Kami sudah lakukan upaya pencarian ke tempat dia tinggal sementara dan sering nongkrong, namun terduga pelaku tersebut sudah kabur sejak kejadian,” jelas Agus.
Sebelumnya, sebuah video viral di media sosial memperlihatkan seorang pria begal spion mobil di Jalan depan Emporium Pluit, Jakarta Utara, pada Jumat (21/2/2025).
Insiden ini diunggah dalam akun Instagram @lbj_jakarta dengan keterangan ‘Begal Spion Mobil di Pluit Jakut, Beraksi Saat Lalin Padat’.

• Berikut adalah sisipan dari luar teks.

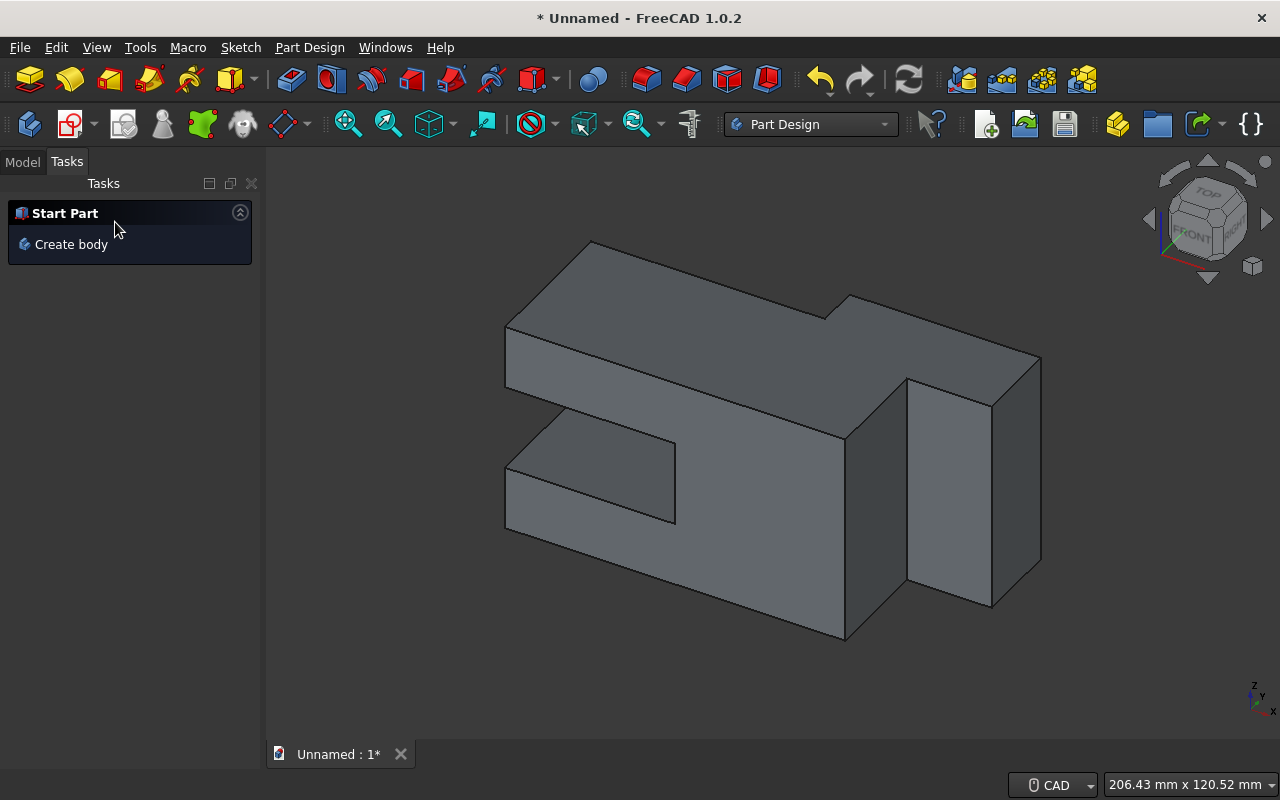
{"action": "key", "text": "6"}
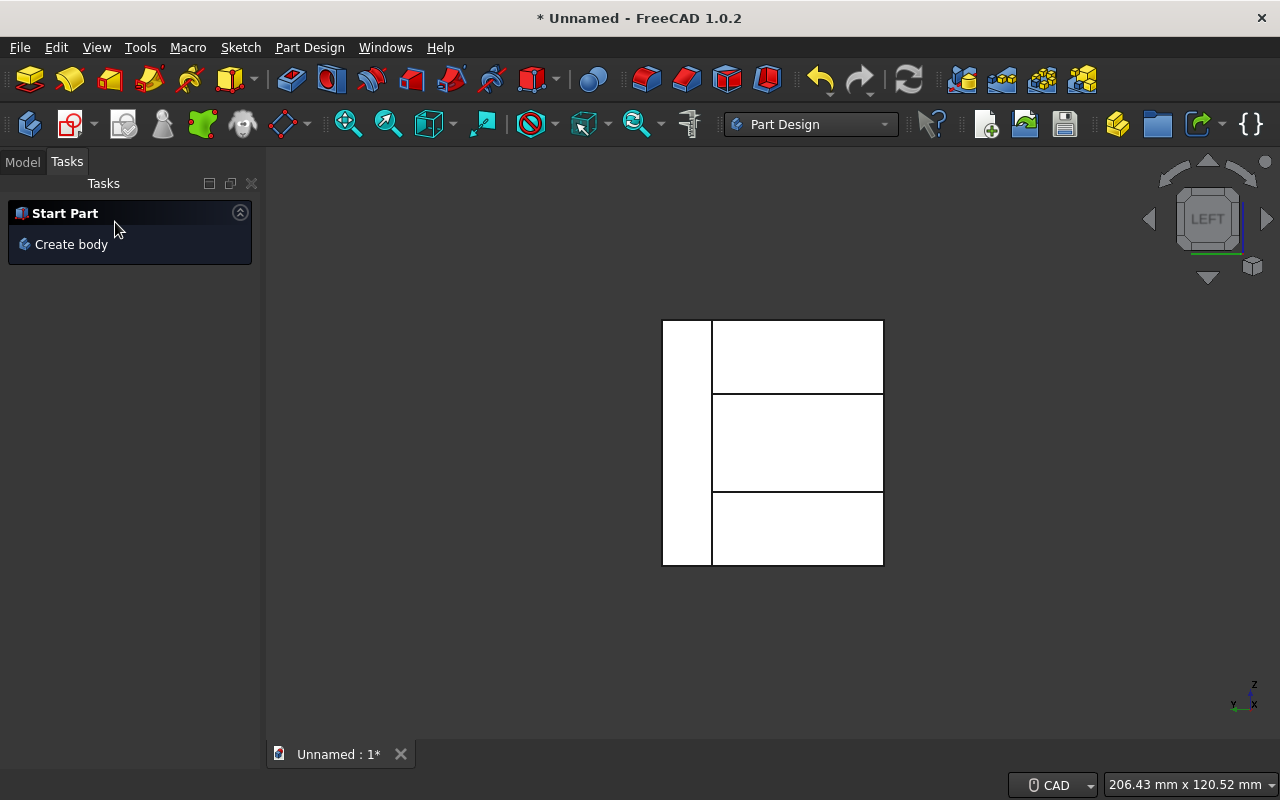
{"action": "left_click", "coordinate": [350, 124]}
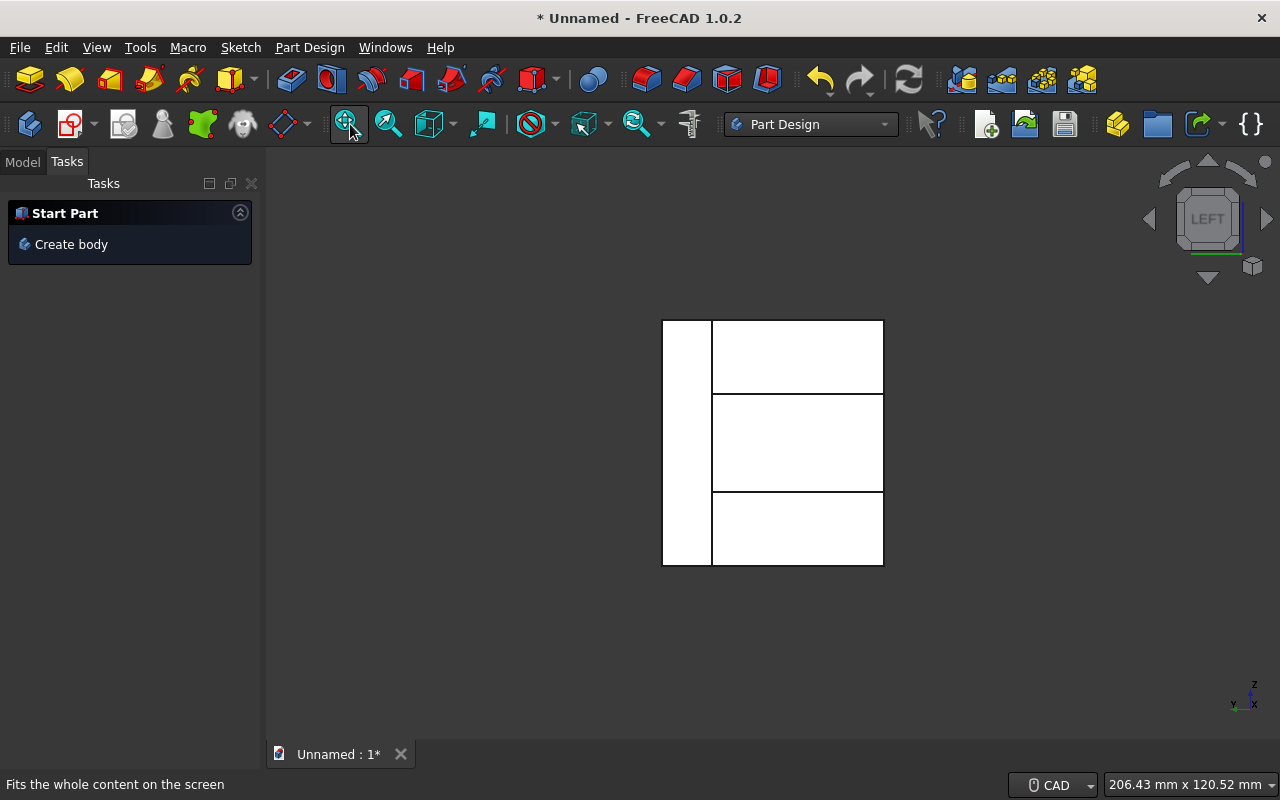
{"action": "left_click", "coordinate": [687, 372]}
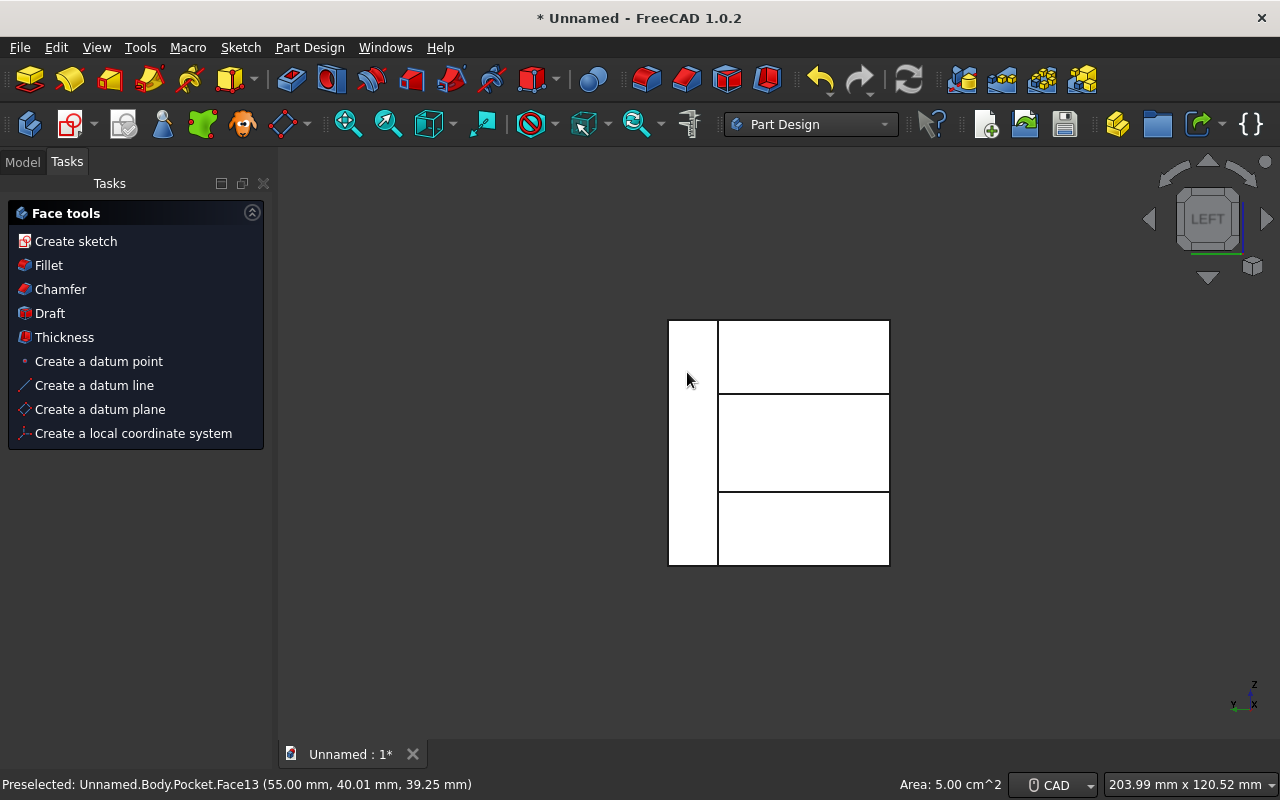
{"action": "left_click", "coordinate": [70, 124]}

Terlihat dalam video tersebut, terduga pelaku yang menggunakan pakaian serba hitam beraksi diantara kemacetan mobil di tempat kejadian perkara (TKP).
Kemudian pelaku tiba-tiba menjarah kaca spion sebelah kiri mobil berwarna hitam jenis Toyota Voxy yang melintas. Setelahnya pria tersebut langsung melarikan diri.
Sementara itu tertulis keterangan bahwa pelaku beraksi seorang diri saat kondisi jalanan macet.
Menanggapi peristiwa ini, Kapolsek Penjaringan, Kompol Agus Ady Wijaya mengatakan bahwa pihak kepolisian saat ini tengah melakukan penyelidikan.
"Kita sudah melakukan penyelidikan. Semoga cepat terungkap," kata Agus, kepada wartawan, pada Sabtu (22/2/2025).
Lebih lanjut Agus menerangkan saat ini pihaknya akan mengerahkan anggota di lapangan untuk meminimalisir terjadinya hal serupa.
“Hal ini meresahkan warga. Upaya preventif, kita akan tempatkan strong point anggota untuk hadir di titik rawan dan jam rawan,” jelas Agus.
Kemudian Agus juga mengimbau kepada masyarakat untuk waspada saat berada di jalan guna mencegah terjadinya kejahatan.